This is a height-optimizing "tabulator" program that can reduce output terminal scrolling by several dozen times. (E.g., 40..80 per row for 1 byte columns.)
$ seq 1 84|flow # Run on an 80-column terminal
1 4 7 10 13 16 19 22 25 28 31 34 37 40 43 46 49 52 55 58 61 64 67 70 73 76 79 82
2 5 8 11 14 17 20 23 26 29 32 35 38 41 44 47 50 53 56 59 62 65 68 71 74 77 80 83
3 6 9 12 15 18 21 24 27 30 33 36 39 42 45 48 51 54 57 60 63 66 69 72 75 78 81 84
3 rows instead of 84. 84/3 = 28.0.
flow [optional-params]
Read maybe utf8-colored lines from input & flow them into shortest height table
of top-to-bottom, left-to-right columns & write to output.
Options:
-i=, --input= string "" use this input file; ""=>stdin
-o=, --output= string "" use this output file; ""=>stdout
-p=, --pfx= string "" pre-line prefix (e.g. indent)
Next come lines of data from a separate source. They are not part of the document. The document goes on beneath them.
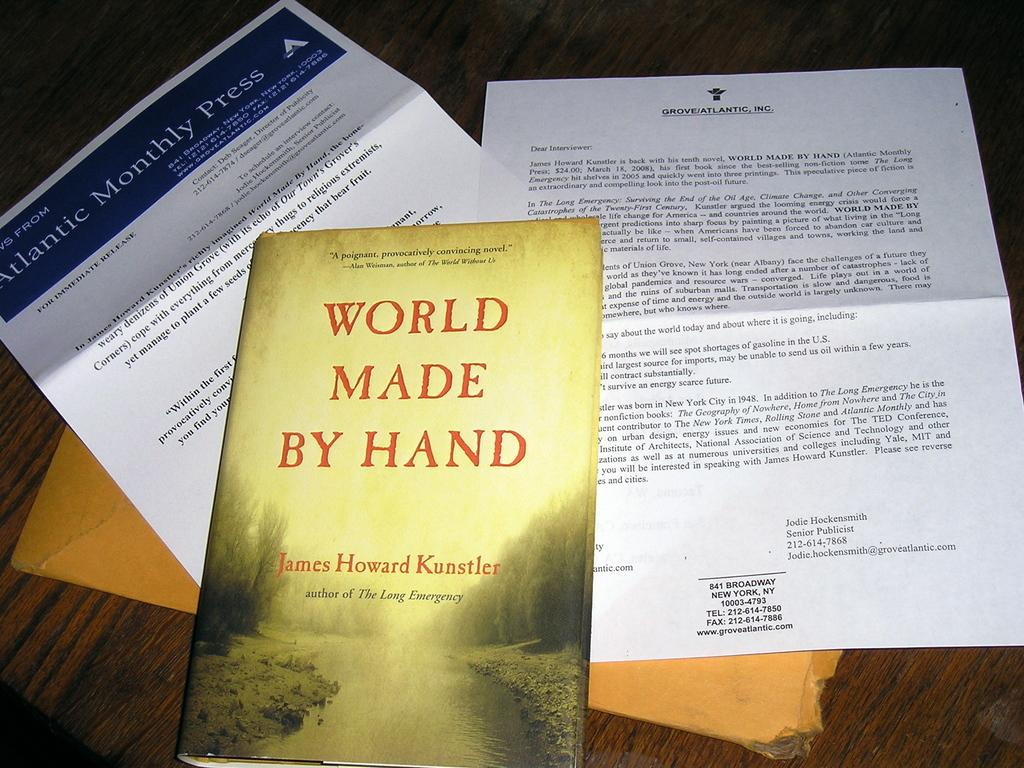<image>
Create a compact narrative representing the image presented. A book on a table is titled World Made By Hand. 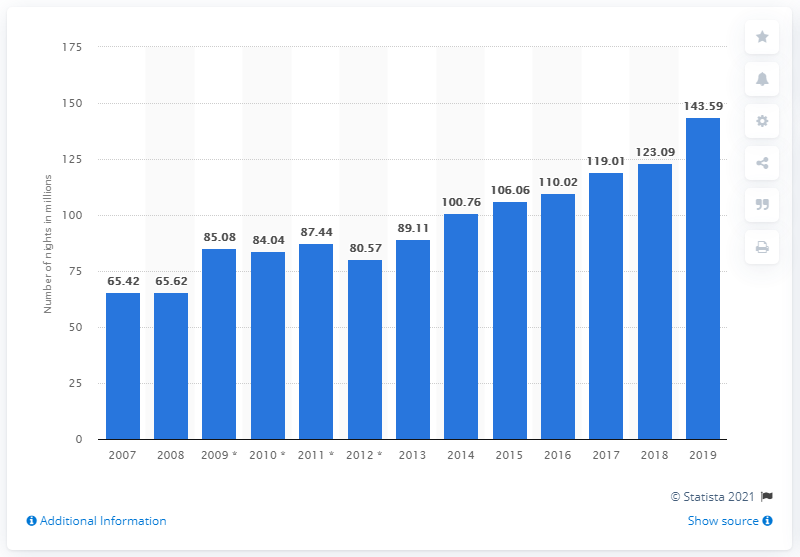Give some essential details in this illustration. In 2019, the number of overnight stays in Greece reached 143.59 nights. 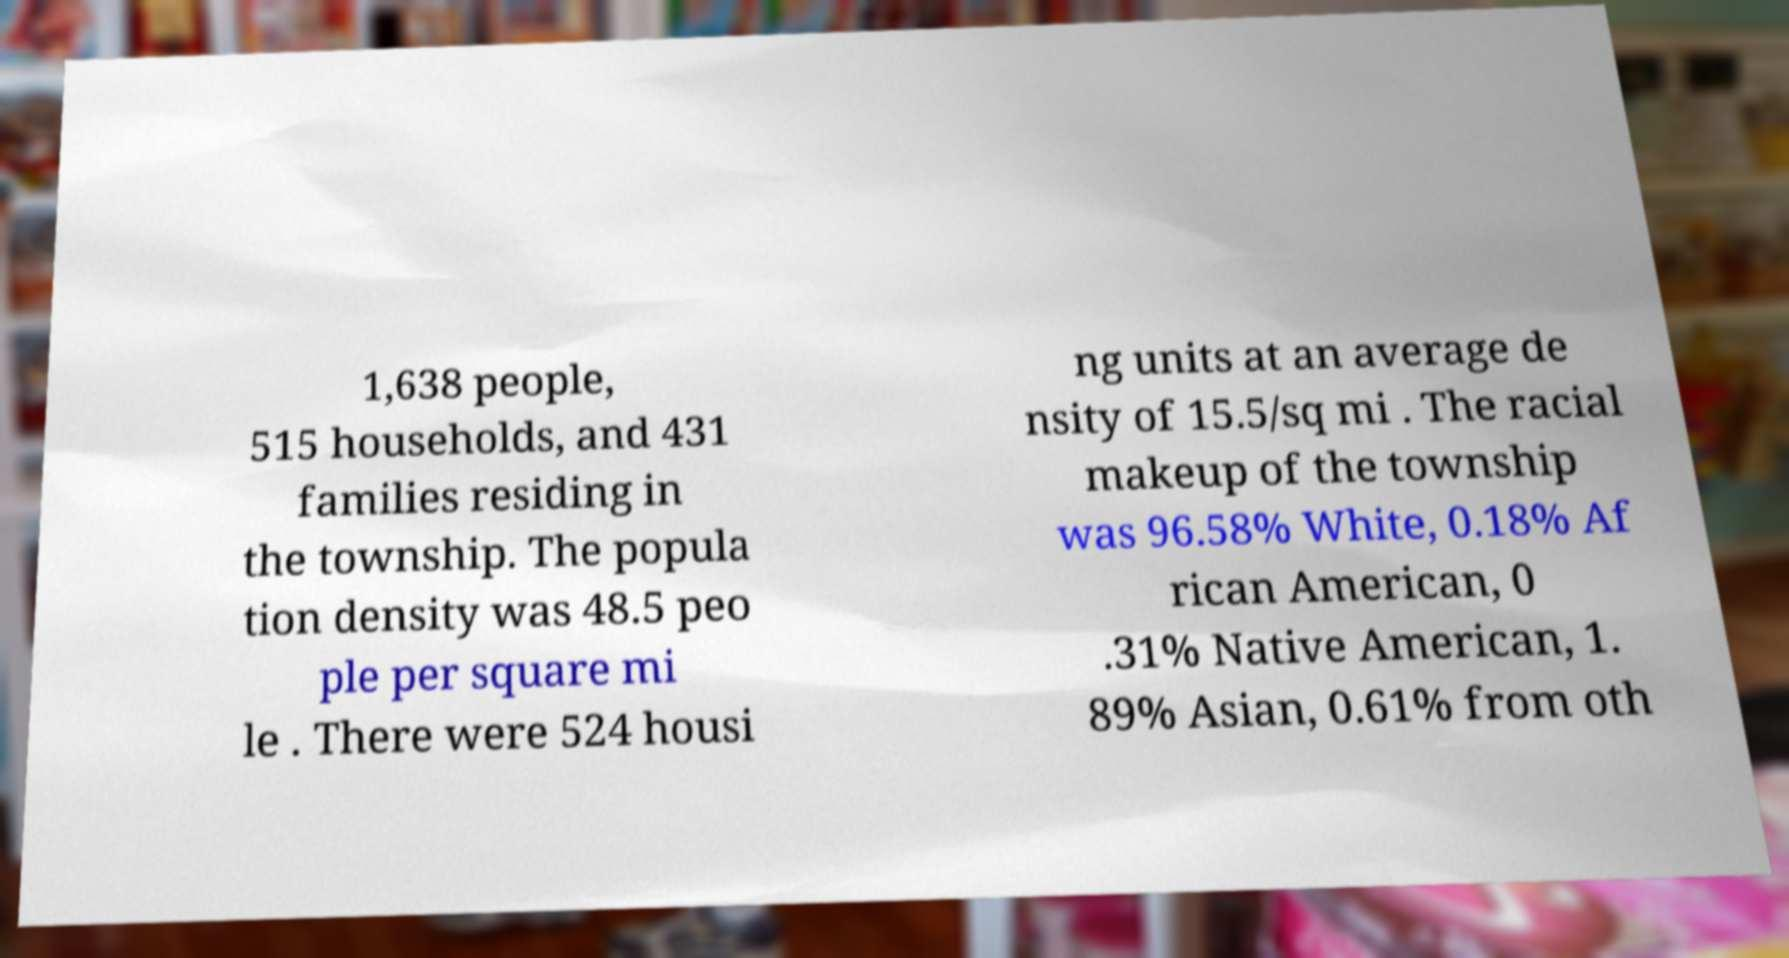Can you accurately transcribe the text from the provided image for me? 1,638 people, 515 households, and 431 families residing in the township. The popula tion density was 48.5 peo ple per square mi le . There were 524 housi ng units at an average de nsity of 15.5/sq mi . The racial makeup of the township was 96.58% White, 0.18% Af rican American, 0 .31% Native American, 1. 89% Asian, 0.61% from oth

-w=, --width= int 0 rendered width; 0: auto; <0: auto+THAT
-g=, --gap= int 1 max inter-column gap; <0: 1-column
-b, --byLen bool false sort by printed-length of row
-m=, --maxPad= int 99 max per-column padding
GNU/BSD column
does something similar but does not support a concept of
printed/rendered length (i.e. utf8/ANSI SGR color escape sequences).